Was A Nigerian Lecturer Awarded The World Championship In Physics

CLAIM: A viral post claims that a Nigerian, Yakubu Nura, has won the “biggest tournament on earth in Physics”

CONCLUSION: MISLEADING, while the lecturer did win an award, the awarding institution (IASR) is not credible!


The news of a Nigerian lecturer from the University of Maiduguri (UNIMAID), Yakubu Nura, winning the “biggest tournament on earth in Physics”, has trickled into the nation’s media space, and has gained wide reportage and celebrations.

Although, smelling a rat, a number of outlets, including Voice of Nigeria (VON), have pulled down the story.

This came on the heel of a pushback at the story by Farooq Kperogi and Tolu Ogunlesi, both of whom faulted the award’s credibility.

The award was conferred on Yakubu Nura by the International Agency for Standards and Ratings (IASR). He was dubbed the “world champion in physics world cup” for his research work on Einstein’s Planetary Equation — a feat he achieved by seeing off competition from 5,720 others from 97 countries.

Nura has not replied Dubawa’s request to know how he feels about the award and the publication that landed him the award. But how plausible — and credible — is this landmark?


First, that no known credible foreign media ran a reportage of the acclaimed international award is a taint to its credibility. More than that, credible local media outlets did not publish the news; and even some of those who earlier reported it, pulled it down.

Also, a search of the keyword “world championship in physics” did not yield any meaningful result aside news stories of the award. The only similar competition of such is the International Young Physicists’ Tournament (IYPT), a week-long physics competition that currently pitches about 150 international pre-university contestants on 17 non-examination research problems that are annually published in late July.  

IASR Has An Obscure Identity

Aside not having pronounced international recognition and clear online footprint, the International Agency for Standards and Ratings (IASR) has no unique website in its own name. Its about page where it describes itself as “world’s prominent developer of standards and ratings for products, services and good practices towards ease and efficiency” is contained on a free-hosted blog — one of the services offered by Google. For an organisation that claims to award such a significant honour, one would expect more. In fact, there was no response from the organization when we asked why the institution does not have a self hosted website.

Abba Gumel, a US-based professor of mathematics and fellow of both the African Academy of Sciences and Nigerian Academy of Science says IASR “is certainly never an arbiter for excellence in physics or any other sciences”.

There are well known scientific agencies that rank excellence in physics…and the International Agency for Standards and Ratings is not one of them,” Gumel adds.

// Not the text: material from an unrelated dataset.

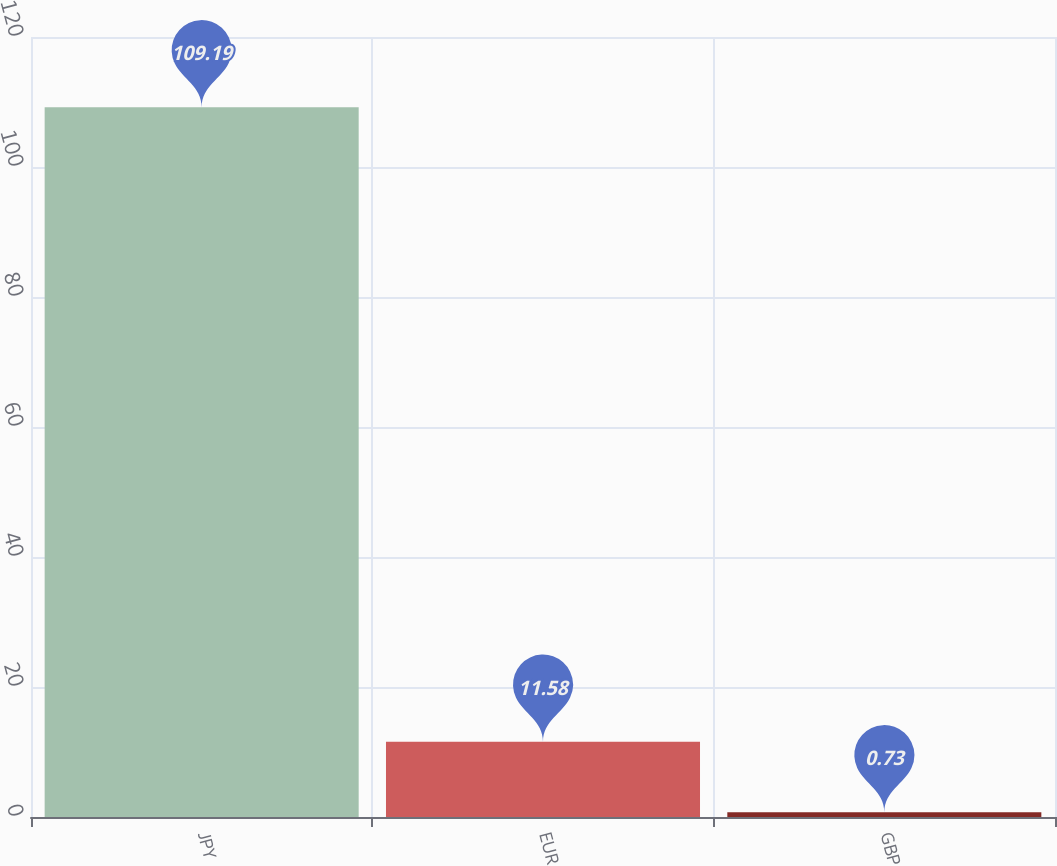<chart> <loc_0><loc_0><loc_500><loc_500><bar_chart><fcel>JPY<fcel>EUR<fcel>GBP<nl><fcel>109.19<fcel>11.58<fcel>0.73<nl></chart>

He identifies Max Planck Institute for Physics, the Abdus Salam International Centre for Theoretical Physics, Perimeter Institute for Theoretical Physics and the Nobel Committee as some of the world’s credible platforms that possibly would have administered the conferment of any such award as “world championship of or in physics…if it ever existed”.

One Too Many

Nura’s daunting award by IASR is not in isolation. Kaywood Leizou, a lecturer of Niger Delta University (NDU), Bayelsa State, reportedly “won the 2018 World Chemical Sciences (Metal Speciation in Sediment) Championship”, beating “5,845 others from 89 countries”.

In the same year, the same platform pronounced Shuaib Idris Mohammed “World Champion in Agricultural Extension (Credit Facilities)”. But save the local media report of the news, there was no credible source to tie the news to.

Similarly in 2015, a Nigerian mathematician, Opeyemi Enoch, was reported by foremost British media to have clinched a $1 million prize for solving the Riemann Zeta Hypothesis — a 156-year-old mathematical problem, and one of the seven Millennium problems prized by the US-based Clay Mathematics Institute at $1 million for solving each one. However, further digging showed that only one of the seven —  Poincaré Conjecture — was earmarked solved, by Grigoriy Perelman in 2003.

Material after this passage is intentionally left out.